La commission encourage néanmoins la mise en place de guides de l’enquête interne au sein des organisations dans l’objectif de garantir les principes fondamentaux, notamment en matière de protection des droits des salariés et de transparence des procédures. « L’élaboration de tels guides permettra également aux entreprises d’ajuster leurs enquêtes à leur environnement spécifique, d’évoluer face à de nouveaux risques (tels que l’IA, les cryptomonnaies et la cybersécurité) et d’assurer une mise en conformité plus efficace », expliquent les rapporteurs.

Si l’encadrement législatif n’est pas recommandé par la commission, une définition légale de l’enquête interne paraît nécessaire pour inciter les entreprises à structurer leurs dispositifs de conformité. Il est ainsi proposé d’adopter un nouvel article L. 4121-6 au sein du code du travail : « Une enquête interne désigne un processus formel mené au sein dune organisation privée ou publique, visant à vérifier si les faits allégués ou les soupçons de violations aux lois ou aux règles internes de l’organisation sont avérés.
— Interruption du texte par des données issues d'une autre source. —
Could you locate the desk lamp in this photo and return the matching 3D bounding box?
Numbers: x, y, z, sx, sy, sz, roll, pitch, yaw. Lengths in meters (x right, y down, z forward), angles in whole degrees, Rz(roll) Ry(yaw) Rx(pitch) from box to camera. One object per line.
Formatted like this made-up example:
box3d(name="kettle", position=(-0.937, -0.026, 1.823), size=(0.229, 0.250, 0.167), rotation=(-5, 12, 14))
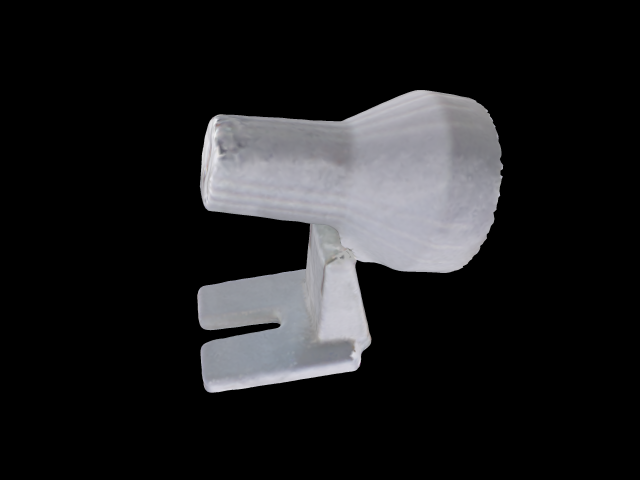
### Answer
box3d(name="desk lamp", position=(0.004, 0.001, 0.400), size=(0.203, 0.214, 0.117), rotation=(-9, 46, -8))
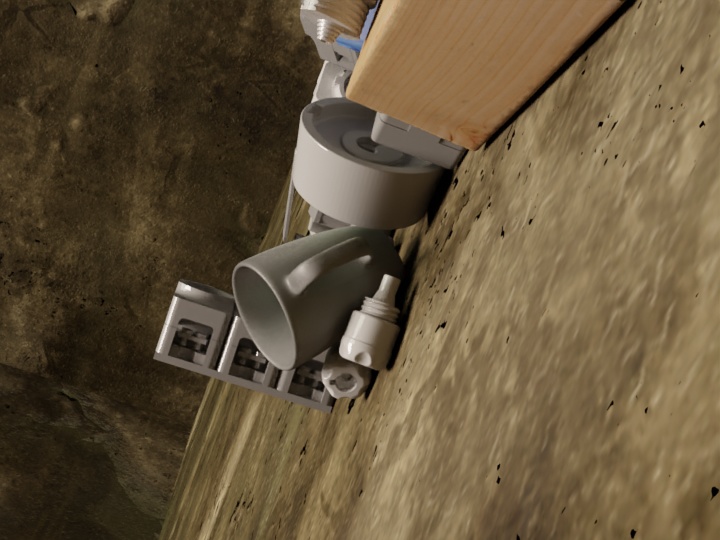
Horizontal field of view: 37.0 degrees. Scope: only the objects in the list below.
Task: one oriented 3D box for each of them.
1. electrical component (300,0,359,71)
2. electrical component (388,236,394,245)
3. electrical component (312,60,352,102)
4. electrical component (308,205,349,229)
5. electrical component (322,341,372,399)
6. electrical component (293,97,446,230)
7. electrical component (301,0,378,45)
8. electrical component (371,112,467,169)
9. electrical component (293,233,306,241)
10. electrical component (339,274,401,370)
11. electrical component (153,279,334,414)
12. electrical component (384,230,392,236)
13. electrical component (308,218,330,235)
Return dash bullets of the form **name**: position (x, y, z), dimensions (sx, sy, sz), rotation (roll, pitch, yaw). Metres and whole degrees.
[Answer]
- **electrical component**: position (0.014, -0.275, 1.035), dimensions (0.150, 0.062, 0.089), rotation (-51, -30, -20)
- **electrical component**: position (0.000, 0.000, 0.835), dimensions (0.043, 0.043, 0.062), rotation (147, 141, -77)
- **electrical component**: position (0.009, -0.205, 1.100), dimensions (0.061, 0.089, 0.150), rotation (123, 164, -60)
- **electrical component**: position (0.015, -0.125, 0.969), dimensions (0.105, 0.060, 0.186), rotation (-123, 53, -80)
- **electrical component**: position (-0.008, 0.065, 0.765), dimensions (0.061, 0.035, 0.035), rotation (-82, 14, -65)
- **electrical component**: position (0.004, -0.070, 0.758), dimensions (0.108, 0.108, 0.060), rotation (-83, 9, -58)
- **electrical component**: position (-0.007, -0.173, 0.639), dimensions (0.043, 0.043, 0.081), rotation (180, 110, -82)
- **electrical component**: position (0.050, -0.123, 0.722), dimensions (0.061, 0.062, 0.096), rotation (119, 167, -52)
- **electrical component**: position (-0.037, -0.021, 1.069), dimensions (0.035, 0.061, 0.035), rotation (-161, 90, -82)
- **electrical component**: position (0.011, 0.033, 0.709), dimensions (0.035, 0.035, 0.061), rotation (172, 119, -81)
- **electrical component**: position (-0.089, 0.061, 0.905), dimensions (0.089, 0.150, 0.061), rotation (-143, 71, -82)
- **electrical component**: position (0.008, -0.029, 0.885), dimensions (0.035, 0.035, 0.061), rotation (-177, 104, -82)
- **electrical component**: position (-0.030, -0.052, 1.154), dimensions (0.065, 0.047, 0.076), rotation (-82, 13, -55)
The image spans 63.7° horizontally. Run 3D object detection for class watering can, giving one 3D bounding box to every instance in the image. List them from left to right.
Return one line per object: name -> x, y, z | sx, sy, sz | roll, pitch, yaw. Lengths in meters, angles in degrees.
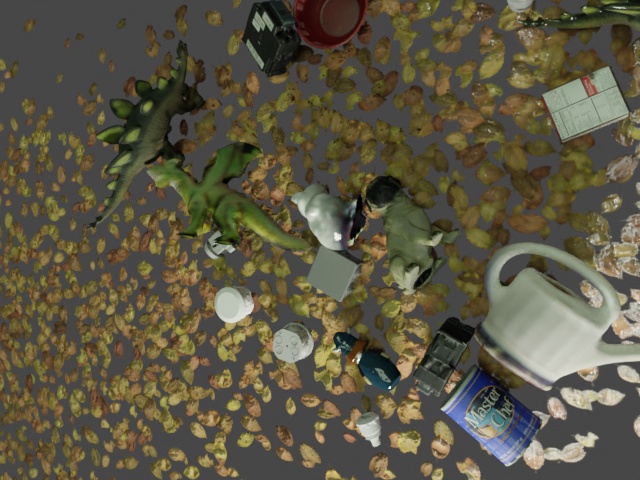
watering can -> 0.412, 0.158, 0.851 | 0.350, 0.104, 0.221 | 39, 109, 17

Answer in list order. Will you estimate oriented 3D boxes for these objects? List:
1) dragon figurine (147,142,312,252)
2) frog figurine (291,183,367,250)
dragon figurine -> -0.194, -0.105, 1.118 | 0.410, 0.121, 0.245 | 6, 77, 14
frog figurine -> 0.003, -0.051, 1.020 | 0.160, 0.136, 0.123 | 16, 83, 23
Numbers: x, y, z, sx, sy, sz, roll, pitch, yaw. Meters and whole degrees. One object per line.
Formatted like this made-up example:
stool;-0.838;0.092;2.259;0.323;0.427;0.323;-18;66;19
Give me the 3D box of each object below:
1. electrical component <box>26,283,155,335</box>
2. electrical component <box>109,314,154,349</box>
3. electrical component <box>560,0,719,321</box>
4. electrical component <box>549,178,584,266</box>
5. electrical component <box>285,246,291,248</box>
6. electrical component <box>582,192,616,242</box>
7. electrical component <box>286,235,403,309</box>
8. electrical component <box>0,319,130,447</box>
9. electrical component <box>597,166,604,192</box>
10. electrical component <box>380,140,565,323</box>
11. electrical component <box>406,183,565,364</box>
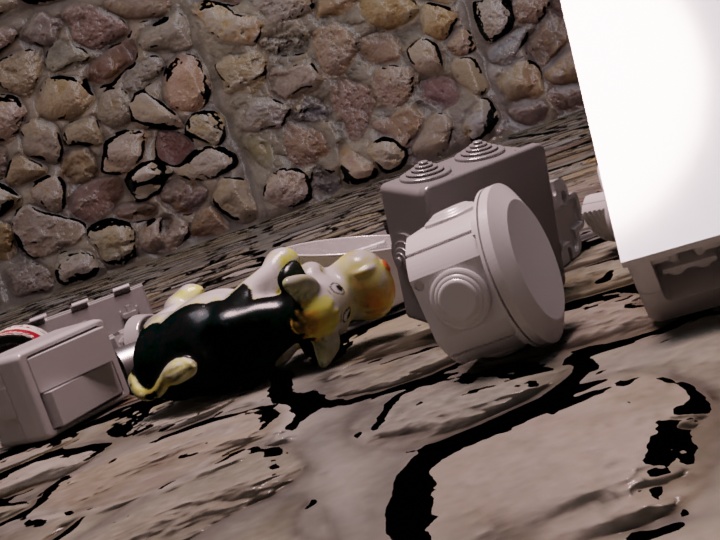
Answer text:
electrical component;-0.248;0.059;0.991;0.121;0.063;0.079;-21;7;-11
electrical component;-0.180;0.063;0.851;0.055;0.048;0.066;-24;3;30
electrical component;0.166;-0.075;0.510;0.105;0.060;0.186;-17;50;18
electrical component;0.109;-0.027;0.721;0.057;0.058;0.078;-11;10;33
electrical component;-0.059;0.013;0.882;0.055;0.055;0.047;-17;11;21
electrical component;0.174;-0.036;0.667;0.043;0.043;0.081;-23;7;-32
electrical component;0.000;0.000;0.771;0.099;0.064;0.099;-19;7;2
electrical component;-0.208;0.075;0.754;0.061;0.061;0.096;-15;8;35
electrical component;0.195;-0.058;0.743;0.047;0.055;0.055;-21;6;20
electrical component;0.064;-0.020;0.618;0.100;0.099;0.048;-23;20;-29
electrical component;0.062;0.003;0.517;0.051;0.080;0.080;-22;5;26

L’enquête interne doit prendre en considération les éléments probatoires relatifs aux personnes physiques, à charge comme à décharge, tout en respectant leurs droits et en mettant en œuvre des moyens proportionnels à l’objectif fixé. L’enquête interne favorise l’intégrité de l’organisation privée ou publique. Elle contribue à assurer sa conformité aux lois et règlements, et d’améliorer sa gouvernance tout en protégeant sa réputation et ses membres ».
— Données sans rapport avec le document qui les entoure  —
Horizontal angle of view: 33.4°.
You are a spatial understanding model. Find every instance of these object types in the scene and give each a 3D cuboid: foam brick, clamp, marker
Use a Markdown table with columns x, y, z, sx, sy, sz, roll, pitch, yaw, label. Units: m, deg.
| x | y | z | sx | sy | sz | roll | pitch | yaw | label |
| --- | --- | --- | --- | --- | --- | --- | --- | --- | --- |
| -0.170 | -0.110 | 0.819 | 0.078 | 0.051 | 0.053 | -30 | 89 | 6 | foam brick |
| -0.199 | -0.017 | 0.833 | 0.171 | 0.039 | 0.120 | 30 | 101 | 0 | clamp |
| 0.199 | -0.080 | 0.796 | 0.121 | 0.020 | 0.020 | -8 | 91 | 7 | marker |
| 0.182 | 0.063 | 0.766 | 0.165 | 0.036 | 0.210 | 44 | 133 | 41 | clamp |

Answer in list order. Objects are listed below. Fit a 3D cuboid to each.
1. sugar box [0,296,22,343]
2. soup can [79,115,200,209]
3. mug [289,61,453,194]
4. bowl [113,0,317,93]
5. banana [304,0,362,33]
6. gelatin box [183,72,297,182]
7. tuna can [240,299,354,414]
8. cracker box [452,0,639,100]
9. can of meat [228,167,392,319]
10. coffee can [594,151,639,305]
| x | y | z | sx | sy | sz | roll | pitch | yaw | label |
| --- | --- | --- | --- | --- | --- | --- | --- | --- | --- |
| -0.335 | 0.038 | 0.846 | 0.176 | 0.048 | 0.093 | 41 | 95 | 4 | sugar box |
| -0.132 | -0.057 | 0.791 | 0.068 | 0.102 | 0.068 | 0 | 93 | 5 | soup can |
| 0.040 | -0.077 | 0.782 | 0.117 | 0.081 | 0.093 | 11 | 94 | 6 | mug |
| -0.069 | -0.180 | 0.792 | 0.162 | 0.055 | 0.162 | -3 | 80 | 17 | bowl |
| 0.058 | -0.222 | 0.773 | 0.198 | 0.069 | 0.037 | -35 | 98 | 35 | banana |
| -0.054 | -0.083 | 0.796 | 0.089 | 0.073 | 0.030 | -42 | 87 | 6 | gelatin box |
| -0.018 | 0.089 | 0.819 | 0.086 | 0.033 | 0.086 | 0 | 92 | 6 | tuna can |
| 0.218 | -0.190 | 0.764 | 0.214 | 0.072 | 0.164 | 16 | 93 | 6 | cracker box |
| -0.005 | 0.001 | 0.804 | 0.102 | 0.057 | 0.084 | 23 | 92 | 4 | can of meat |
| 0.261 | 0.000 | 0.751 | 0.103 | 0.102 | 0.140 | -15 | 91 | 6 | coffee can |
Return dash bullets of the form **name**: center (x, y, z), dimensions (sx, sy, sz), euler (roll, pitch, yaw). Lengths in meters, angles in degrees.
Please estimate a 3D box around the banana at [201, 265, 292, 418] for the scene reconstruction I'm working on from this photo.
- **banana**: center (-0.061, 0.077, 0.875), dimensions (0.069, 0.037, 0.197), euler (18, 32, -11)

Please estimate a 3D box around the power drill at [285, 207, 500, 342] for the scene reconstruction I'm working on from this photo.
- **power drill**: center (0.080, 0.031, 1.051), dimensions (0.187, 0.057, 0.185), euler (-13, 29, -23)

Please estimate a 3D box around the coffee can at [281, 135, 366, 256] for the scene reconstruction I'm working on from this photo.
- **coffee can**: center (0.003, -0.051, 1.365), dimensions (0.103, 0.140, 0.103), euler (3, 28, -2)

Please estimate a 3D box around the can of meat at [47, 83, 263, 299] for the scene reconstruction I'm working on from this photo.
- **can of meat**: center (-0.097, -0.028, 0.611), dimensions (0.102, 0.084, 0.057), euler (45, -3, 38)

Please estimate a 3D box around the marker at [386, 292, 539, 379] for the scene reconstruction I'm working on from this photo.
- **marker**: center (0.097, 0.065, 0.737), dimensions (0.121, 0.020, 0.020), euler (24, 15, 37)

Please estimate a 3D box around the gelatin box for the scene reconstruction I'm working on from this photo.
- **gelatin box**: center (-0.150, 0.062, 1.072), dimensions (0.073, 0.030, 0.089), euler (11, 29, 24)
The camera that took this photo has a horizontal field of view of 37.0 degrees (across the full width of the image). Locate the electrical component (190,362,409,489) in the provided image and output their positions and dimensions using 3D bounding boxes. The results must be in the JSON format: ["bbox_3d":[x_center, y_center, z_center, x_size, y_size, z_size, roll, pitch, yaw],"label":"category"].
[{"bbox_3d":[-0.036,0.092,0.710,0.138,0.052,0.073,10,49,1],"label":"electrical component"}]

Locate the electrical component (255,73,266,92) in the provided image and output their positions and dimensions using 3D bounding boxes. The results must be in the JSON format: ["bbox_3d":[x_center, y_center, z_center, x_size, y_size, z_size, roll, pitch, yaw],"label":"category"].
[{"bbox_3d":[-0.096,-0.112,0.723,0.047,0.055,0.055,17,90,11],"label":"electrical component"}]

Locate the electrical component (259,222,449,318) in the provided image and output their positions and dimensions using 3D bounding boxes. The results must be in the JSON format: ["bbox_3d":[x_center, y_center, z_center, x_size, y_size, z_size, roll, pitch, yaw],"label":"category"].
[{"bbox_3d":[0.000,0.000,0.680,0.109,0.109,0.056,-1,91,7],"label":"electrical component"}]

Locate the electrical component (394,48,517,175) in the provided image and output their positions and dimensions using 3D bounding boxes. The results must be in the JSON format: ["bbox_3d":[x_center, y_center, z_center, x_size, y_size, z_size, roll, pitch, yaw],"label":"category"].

L’articulation entre enquête interne et enquête pénale, notamment l’exploitation par les autorités judiciaires des éléments des investigations de l’entreprise, est bien le nœud des risques de déviance des pratiques. « Le principal danger est que les autorités de poursuite utilisent l’enquête interne comme un instrument auxiliaire d’investigation, au détriment des droits fondamentaux des salariés concernés » explique le rapport qui rappelle que le 29 octobre 2024, le député Marleix a déposé une proposition de loi pour encadrer les auditions réalisées dans le cadre d’une enquête interne alors qu’une enquête judiciaire est ouverte en parallèle. Plusieurs amendements sont proposés au texte par la commission qui appelle à une adoption du dispositif rapide par le Parlement.
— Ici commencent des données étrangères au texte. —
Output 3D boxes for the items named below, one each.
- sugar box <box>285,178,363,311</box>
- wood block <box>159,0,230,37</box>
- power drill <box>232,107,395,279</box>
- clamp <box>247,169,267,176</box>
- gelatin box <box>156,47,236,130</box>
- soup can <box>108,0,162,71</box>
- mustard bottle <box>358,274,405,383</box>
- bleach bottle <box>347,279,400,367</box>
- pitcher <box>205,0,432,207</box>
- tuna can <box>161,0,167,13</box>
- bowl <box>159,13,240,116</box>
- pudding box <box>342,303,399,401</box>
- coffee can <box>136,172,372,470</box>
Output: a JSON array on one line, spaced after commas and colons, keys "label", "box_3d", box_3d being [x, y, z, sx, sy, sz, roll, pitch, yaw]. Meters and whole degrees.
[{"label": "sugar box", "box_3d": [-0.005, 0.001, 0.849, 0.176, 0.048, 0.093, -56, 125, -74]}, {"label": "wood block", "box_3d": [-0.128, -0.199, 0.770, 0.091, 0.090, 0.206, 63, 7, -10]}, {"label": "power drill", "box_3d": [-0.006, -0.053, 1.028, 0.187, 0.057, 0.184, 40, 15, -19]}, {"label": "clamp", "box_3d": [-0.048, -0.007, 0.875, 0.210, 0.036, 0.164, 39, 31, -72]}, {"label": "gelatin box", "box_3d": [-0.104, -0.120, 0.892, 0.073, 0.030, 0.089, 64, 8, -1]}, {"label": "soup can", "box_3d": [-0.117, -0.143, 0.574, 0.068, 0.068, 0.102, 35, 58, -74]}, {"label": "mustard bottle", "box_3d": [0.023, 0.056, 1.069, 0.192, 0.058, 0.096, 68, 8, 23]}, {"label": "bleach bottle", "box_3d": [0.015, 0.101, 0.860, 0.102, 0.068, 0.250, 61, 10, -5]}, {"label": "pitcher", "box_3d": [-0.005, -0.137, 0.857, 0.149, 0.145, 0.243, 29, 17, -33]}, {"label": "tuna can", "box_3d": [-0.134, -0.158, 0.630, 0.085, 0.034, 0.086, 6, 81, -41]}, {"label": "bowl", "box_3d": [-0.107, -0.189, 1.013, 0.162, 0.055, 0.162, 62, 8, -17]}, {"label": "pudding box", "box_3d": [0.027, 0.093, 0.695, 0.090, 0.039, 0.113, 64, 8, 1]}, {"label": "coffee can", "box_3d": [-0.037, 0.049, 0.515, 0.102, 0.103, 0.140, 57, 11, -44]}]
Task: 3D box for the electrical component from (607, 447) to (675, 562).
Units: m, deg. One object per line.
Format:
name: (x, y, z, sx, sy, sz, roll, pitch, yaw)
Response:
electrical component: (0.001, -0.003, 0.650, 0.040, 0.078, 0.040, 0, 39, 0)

Pour garantir la crédibilité de l’enquête et susciter la confiance des salariés auditionnés, la commission estime que l’indépendance de l’enquêteur est clé. Alors que le député Marleix avait proposé de demander au parquet la nomination d’un mandataire ad hoc à qui l’enquêteur pourrait rendre des comptes, en lieu et place des dirigeants de la personne morale, la commission propose au contraire de promouvoir la création d’un comité ad hoc d’administrateurs indépendants pour superviser toute enquête interne en cas de soupçon pesant sur des dirigeants exécutifs. Cette clause pourrait être intégrée au code Afep-Medef. Et s’agissant de l’indépendance de l’avocat enquêteur qui serait également conseil régulier de l’entreprise, sans surprise, la commission se prononce contre l’interdiction de cumul des fonctions. « Cette restriction porterait une atteinte disproportionnée au libre choix de l’avocat, principe fondamental des droits de la défense », justifie la commission qui préfère « responsabiliser les entreprises sur ce sujet ».